Buy and Hold Investment Strategy

If you want to be successful by investing, you have to have consistency in investing. Expected outcome will not be achieved from portfolio investment without consistency.  It can also be called investment discipline.

When investors buy shares and hold them for a long time, it is called buy and hold investment Strategy. This is also a very effective strategy. Such investors are not easily intimidated. One of the main reasons for losing by investing in the stock market is panic. When the market collapses, these panicked investors leave the stock in their hands. As a result they face huge loss.

The buy-and-hold approach helps long-term investors increase their profits. Many times the market is seen to downturn for several consecutive years. Again, when the market turns around, the market rises for several years in a row. So those who can hold the shares for long time get benefited.

Investment Tips

  • Goals must be set before investing. Invest according to your financial situation and know how much risk you are willing to tolerate.
  • It is necessary to study the financial condition of the company and whether the shares of the company will grow in the future. Don’t invest in a company whose financial position is fragile and whose share price is unlikely to rise in the future.
  • You should not make unplanned investments. Don’t invest in a mutual fund on which you have no idea. Of course, invest wisely and with proper planning.
  • Don’t invest if someone tempts you to make a lot of money in return for investing less money. Most of these are deceptions.
  • Before investing in any asset, you must know the terms and conditions.
  • Don’t put all your eggs in one basket so investment must be diversified. Always emphasize on portfolio investment. This will reduce your investment risk.
  • Don’t invest in companies that want to give you a profit of over 12% a year. Because in reality it is not possible to pay such higher dividend, so do not fall in danger by investing in these scam shares.
  • Taxes can take a large chunk of your income. So invest in the sectors where you will get tax benefit such as Roth IRA, 401k.
  • If you want to invest in short term, you can invest in savings account, certificate of deposit or short term money market instrument.

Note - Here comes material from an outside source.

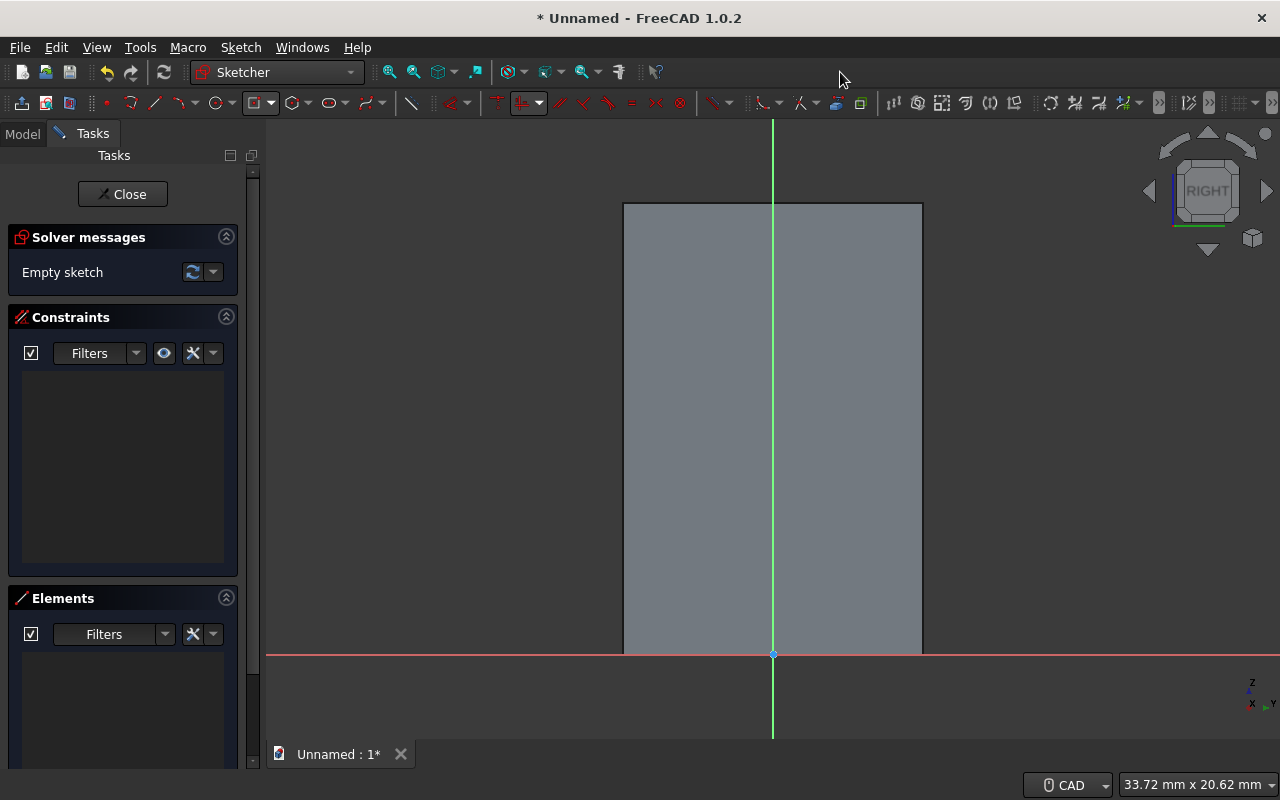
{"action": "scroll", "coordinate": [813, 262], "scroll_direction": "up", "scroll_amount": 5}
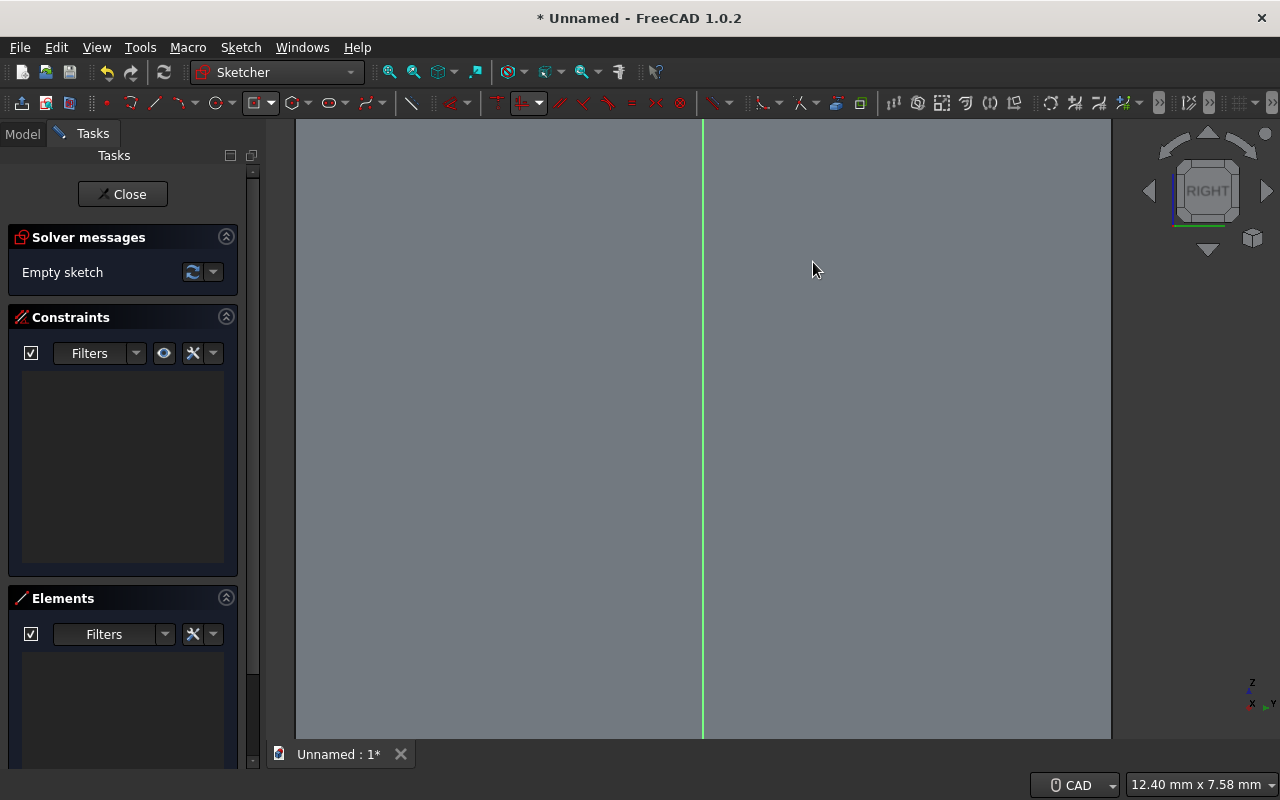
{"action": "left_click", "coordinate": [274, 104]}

Stock, bonds are the best option for long term investment.
  • You can purchase US Treasury Securities or AAA rated bonds for safe investing.
  • If you want to earn a good amount with a little more risk, then invest in a high-yielding bond. The higher the risk, the higher the interest rate.
  • Educate yourself before investing. Do a lot of research.
  • Investment must have Consistency. If you want to earn in the way of shortcuts, you can’t earn too much. You need to invest regularly. For example, if you continue to invest 10% or 15% of your income in 401(k)s and IRAs continuously for 20 or 25 years, then one day you will see that you have become a millionaire.

Summary

There are several investment Strategies

  1. Value Investing
  2. Active Strategies
  3. Growth Investing
  4. Dollar-Cost Averaging (DCA)
  5. Income Investing
  6. Buy and Hold Investment Strategy

Value investors are those who prefer to buy at a lower price by bargaining. They always want to buy shares that are undervalued. Such investors do not like to spend much time in market research or the financial condition of the company is not very important to them.

Active investors want to make a profit by investing in the short term. Growth investors do fundamental analysis before investing.

Growth stocks strategies outperform when interest rates falling. Another study found that growth strategy is more effective when GDP is declining.

Dollar-Cost Averaging is one of the best investment strategies. These investors regularly buy and sell stocks, bonds or other securities. One of the advantages of this investment strategy is that those who follow this strategy can survive in the market for a long time.

Those investors who want a steady flow of income can follow income Income Investment strategies.

When investors buy shares and hold them for a long time, it is called buy and hold investment Strategy.